▶ Your instructions
Copy the listing in full and exactly, omitting its images.

═══ Input

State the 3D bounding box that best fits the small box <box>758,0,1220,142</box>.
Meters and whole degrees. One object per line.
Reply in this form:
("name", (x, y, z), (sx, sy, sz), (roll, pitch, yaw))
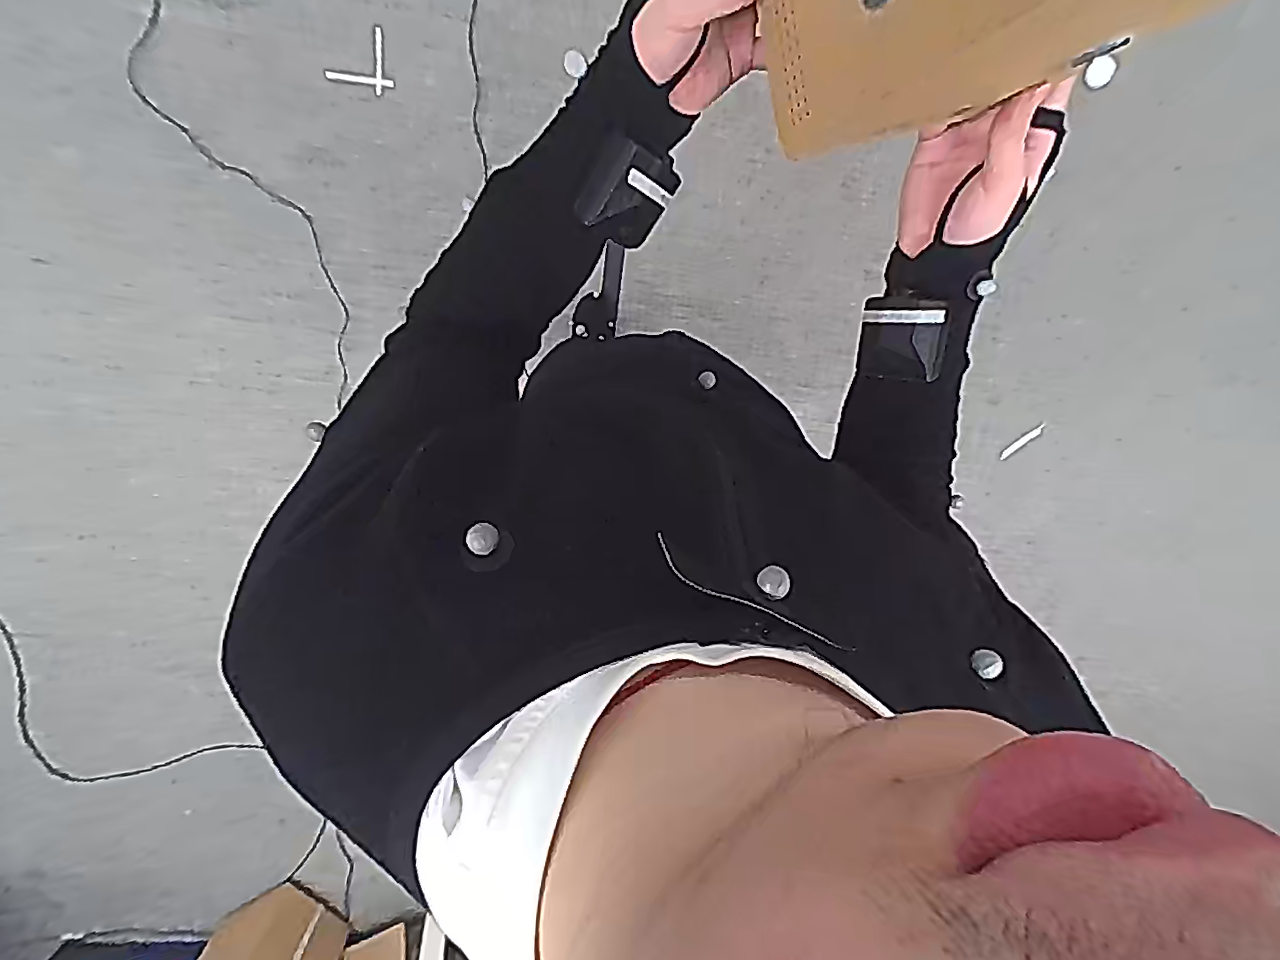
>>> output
("small box", (0.160, -0.275, 0.236), (0.168, 0.176, 0.179), (-21, 107, -13))

══════

▶ Reply to the task
State the 3D bounding box that best fits the small box <box>758,0,1220,142</box>.
Meters and whole degrees. One object per line.
Reply in this form:
("name", (x, y, z), (sx, sy, sz), (roll, pitch, yaw))
>>> output
("small box", (0.160, -0.275, 0.236), (0.168, 0.176, 0.179), (-21, 107, -13))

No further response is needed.